It broke my heart to leave her then, even though I know that she finds comfort in his arms and was back sleeping. I felt like I should have gone to her, even though she thought I had already left and she was ASLEEP! I know that she loves her daddy and is so excited to see him and asks about him throughout the day. So I know that she finds comfort in his arms when I am not there, however, he is still second best and she finds more comfort from me. She prefers mama and he is just a substitute that she accepts when I am not there for her.

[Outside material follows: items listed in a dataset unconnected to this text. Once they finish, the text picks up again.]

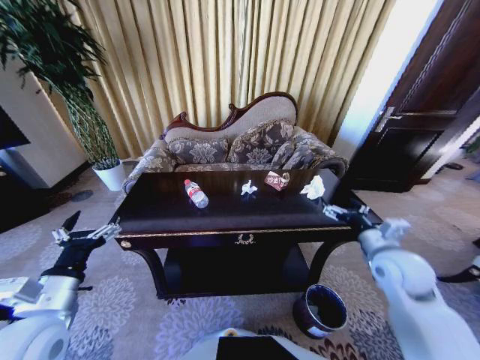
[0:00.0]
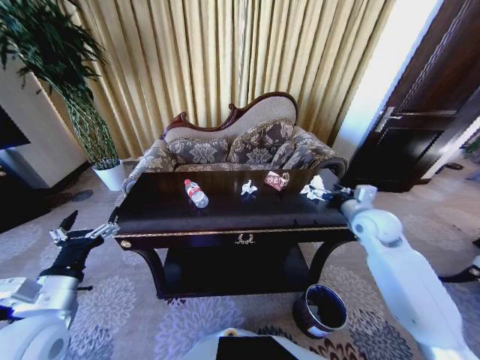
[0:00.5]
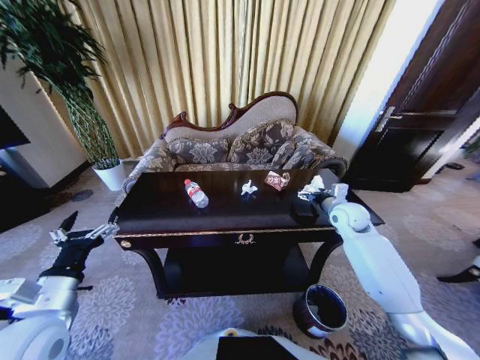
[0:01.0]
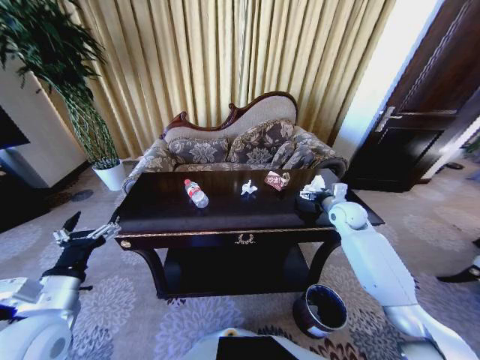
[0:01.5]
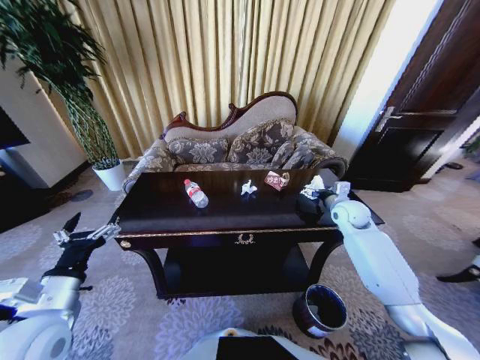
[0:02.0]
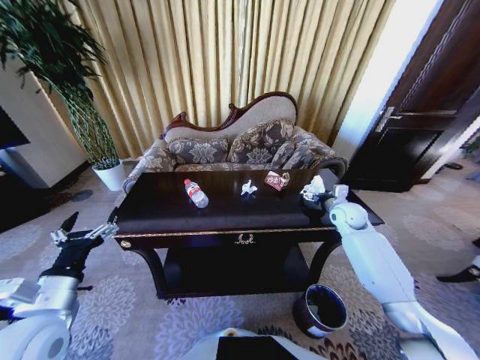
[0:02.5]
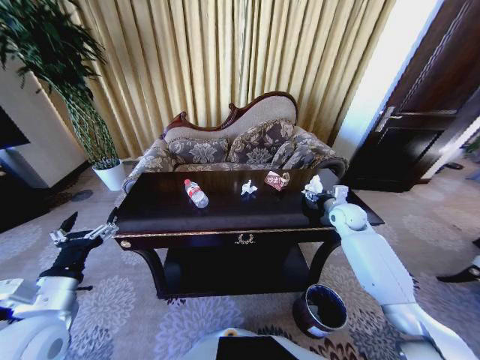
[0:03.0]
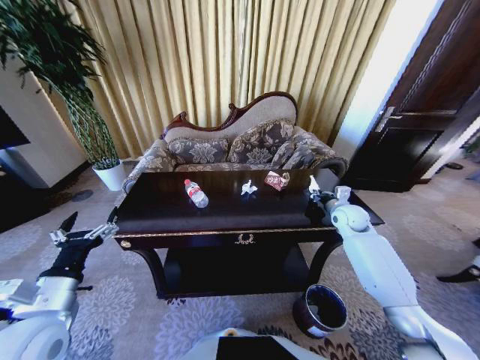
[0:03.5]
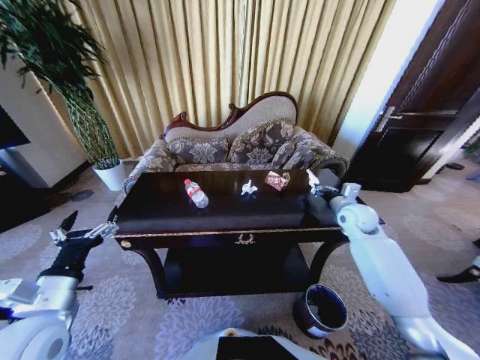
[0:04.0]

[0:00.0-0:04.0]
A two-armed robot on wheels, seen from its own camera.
Task of the whole recording: Move to the front of the table and place the trash on the table into the trash bin.
0:00.0 to 0:02.0: The right gripper goes about 20 cm forward.
0:02.0 to 0:04.0: The right gripper closes its fingers.

I'm not saying that he isn't good enough, he is, but he is just that - good enough, when I am the best! I don't say this to gloat, I say it because it makes me sad. I am reading all this stuff about child psychology and how important it is to meet the needs of the very young child to help them establish a foundation of trust and love and understanding that they are important and deserve to have their needs met. Here I am hiding in the living room, knowing that my daughter needs my arms to soothe her and yet, I know that I have to go to work and if I went in there, she would be fully awake and be more unhappy when I did have to leave.
I guess the bottom line is, I am really feeling ready for this lay-off to happen so I can stay in bed with her until she is ready to get up. I am ready to stay in bed until I am ready to get up. I am ready for breakfast as a family. I am ready for play time as a family in the morning. I am ready to feel rested during the day and have the patience that I struggle with due to exhaustion. I am ready for the new chapter of our family life. I am ready to meet my son.

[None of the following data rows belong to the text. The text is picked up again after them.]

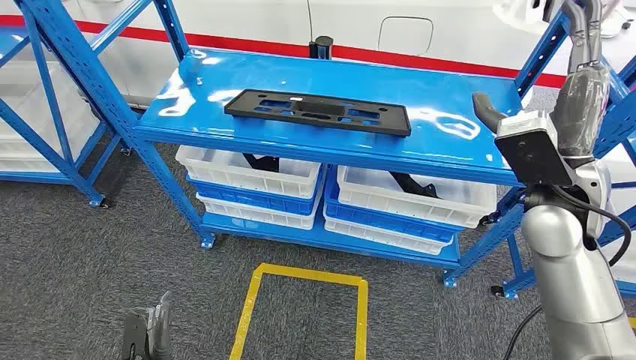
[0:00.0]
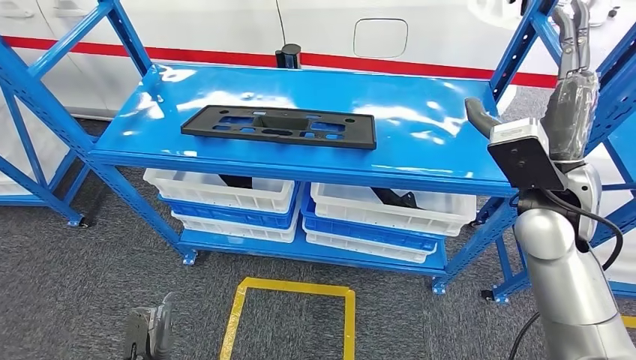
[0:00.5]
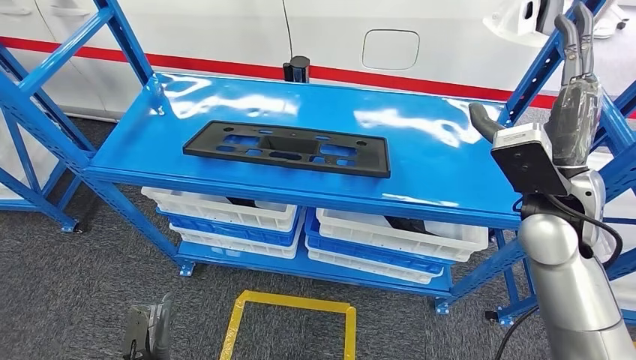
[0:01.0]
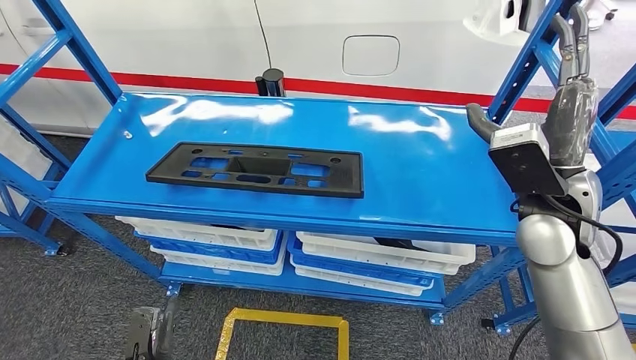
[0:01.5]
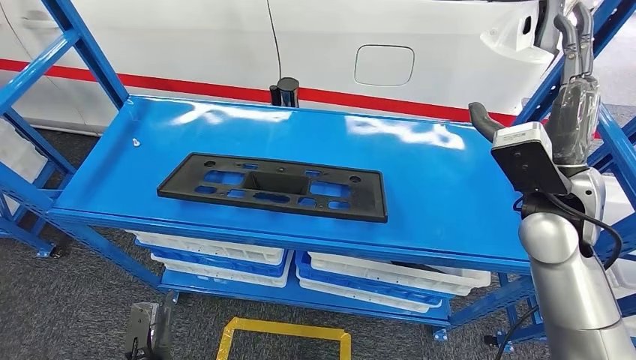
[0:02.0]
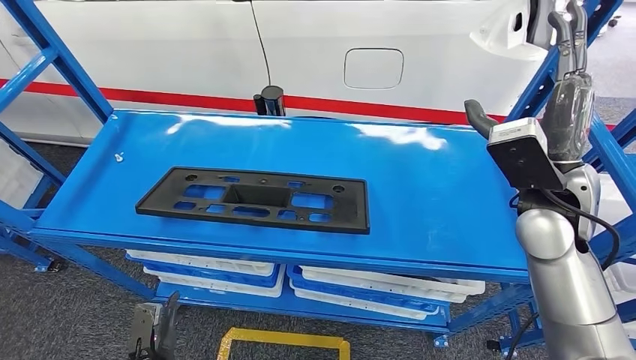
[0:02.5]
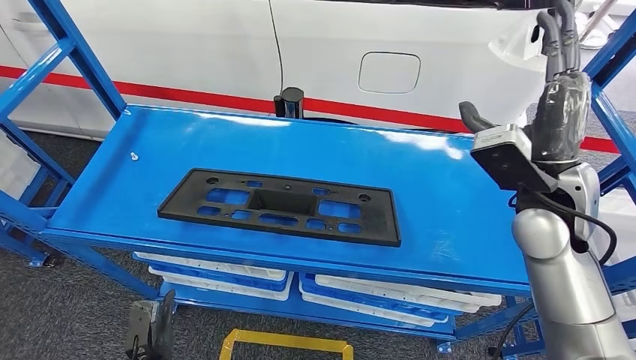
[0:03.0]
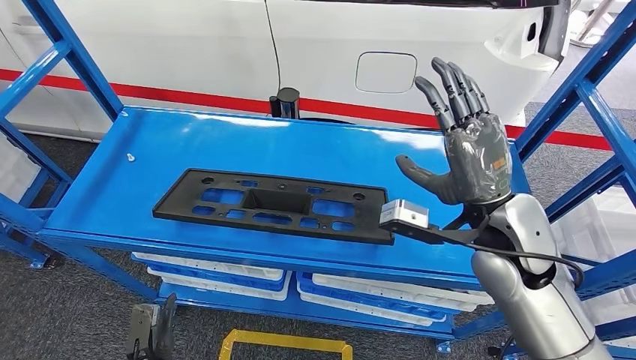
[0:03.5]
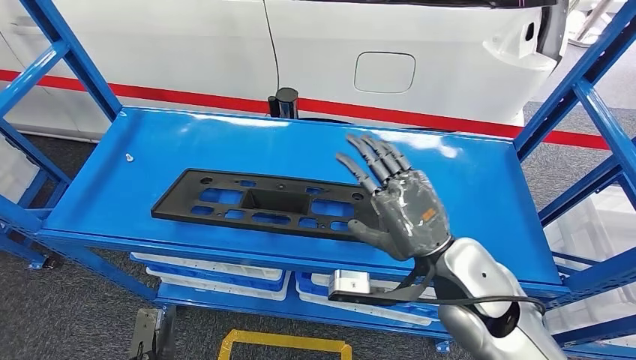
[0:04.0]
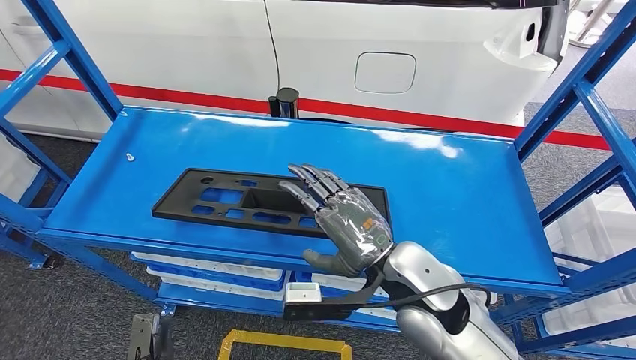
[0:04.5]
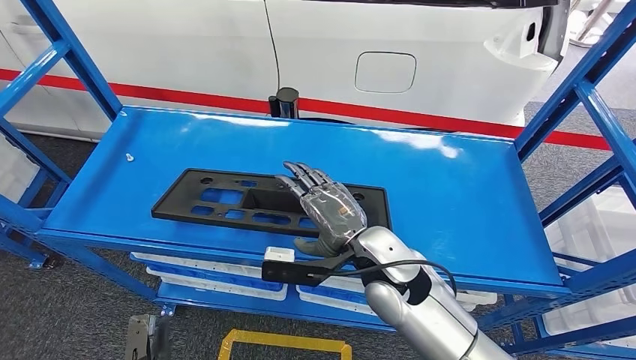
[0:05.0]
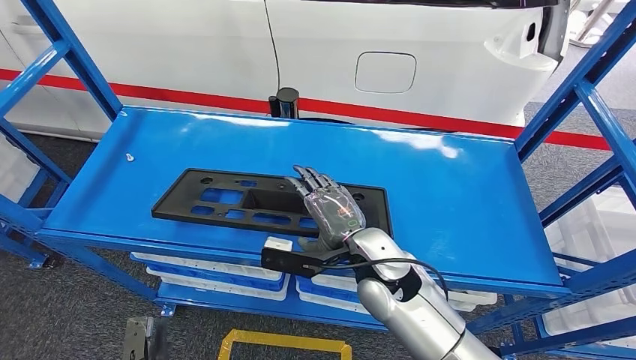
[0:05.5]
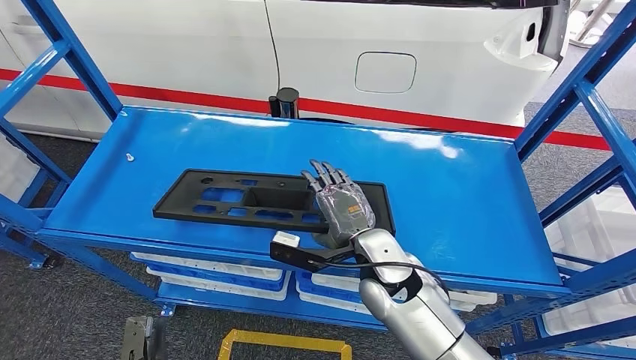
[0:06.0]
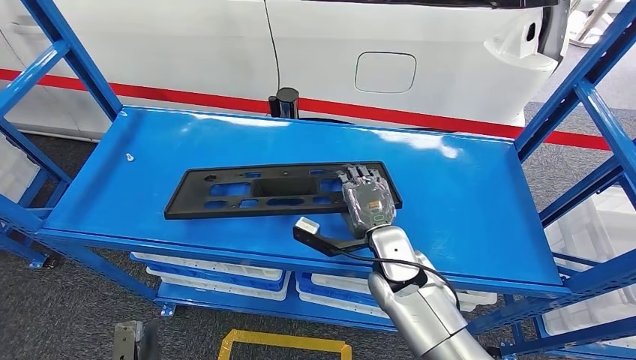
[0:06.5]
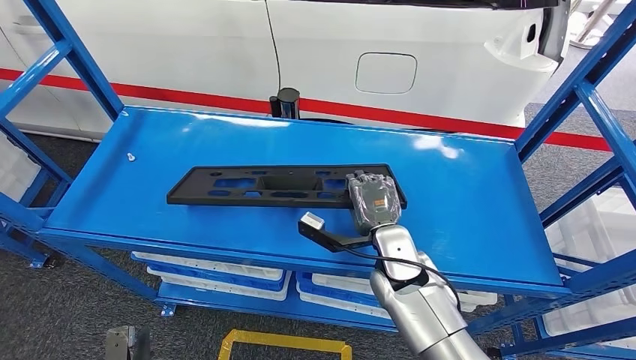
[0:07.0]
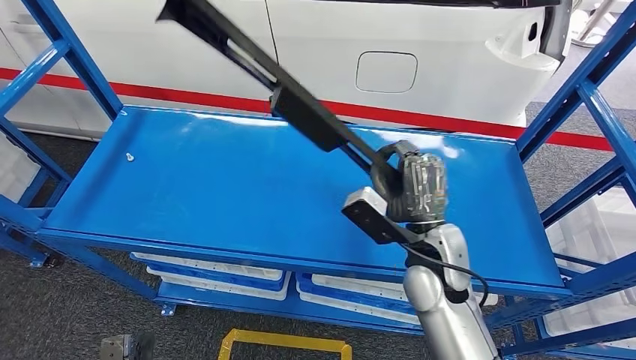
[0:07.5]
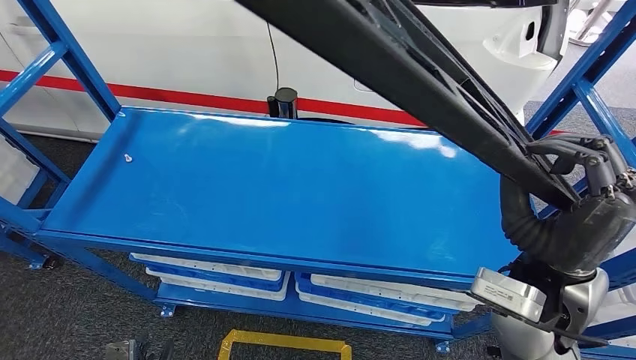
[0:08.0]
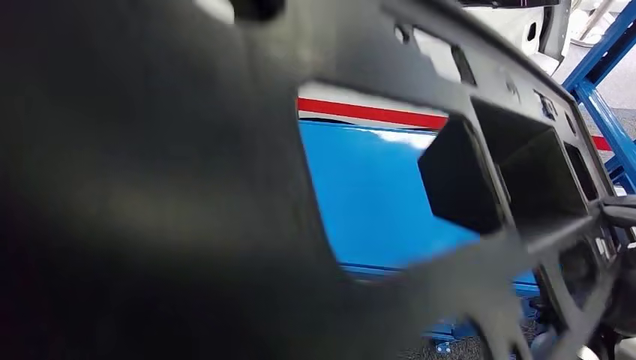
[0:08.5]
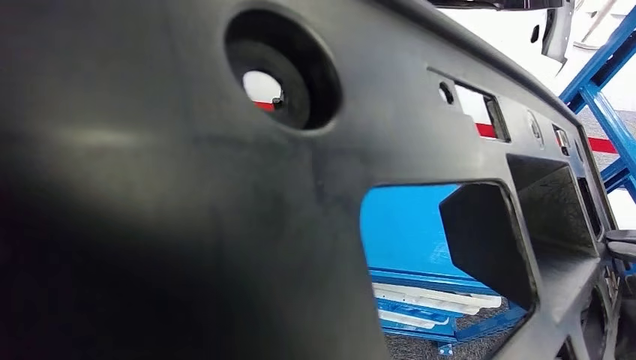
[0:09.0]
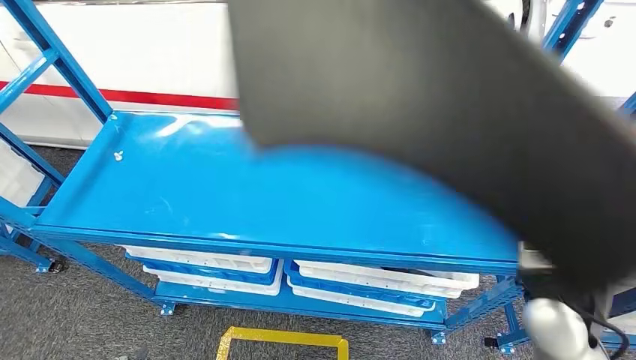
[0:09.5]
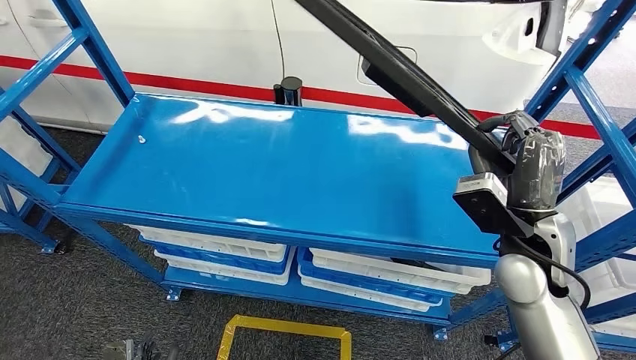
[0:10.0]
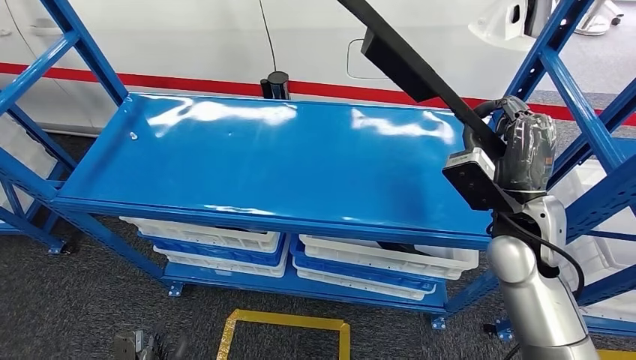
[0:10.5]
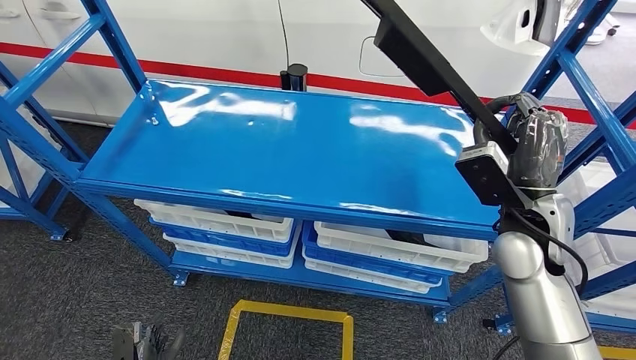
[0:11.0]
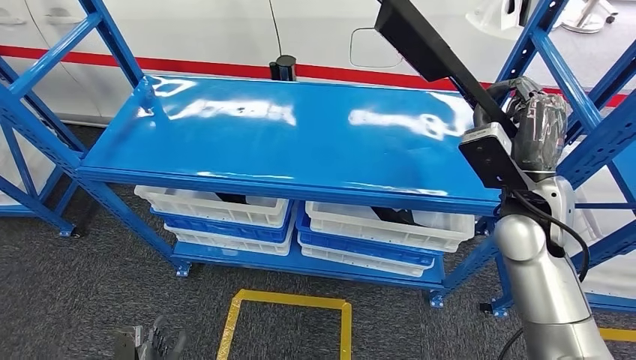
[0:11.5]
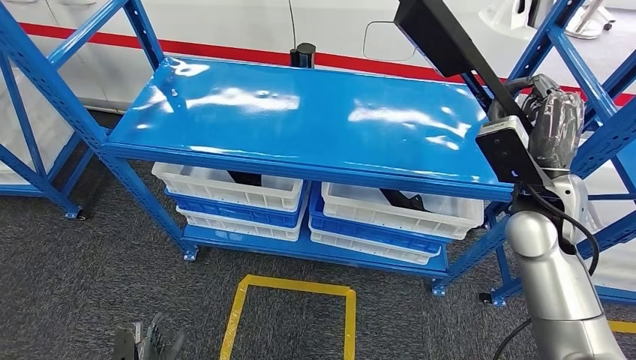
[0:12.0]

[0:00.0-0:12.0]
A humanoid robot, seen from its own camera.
0:04.0 to 0:06.0: The right hand moves to the left, downward and forward, about 15 cm.

I have 2-3 weeks left at work and I am really grateful to have them. We need as many weeks of full paychecks as possible and to spread the severance pay out as long as is possible. I know that 2-3 more weeks is nothing when I have been doing this for years now, but I am still looking forward to being home full time.
I am not really looking forward to my last day with my company though. I am still feeling really sad about not coming back here. This building has been my home for the last almost 11 years and not to come here just doesn't feel right. I will miss all my co-workers so much and having some adult interaction and a way to use my brain a little bit each day. There is a lot about my job that I love and I will miss it terribly.
I do feel like this is for the best and I am ready to be open to the changes that life will bring, but it doesn't mean that change isn't hard. I just keep thinking forward to the morning when Smug-Baby comes into the bedroom and climbs into the bed and cuddles up to me and doesn't have to ask "mama work?" anymore.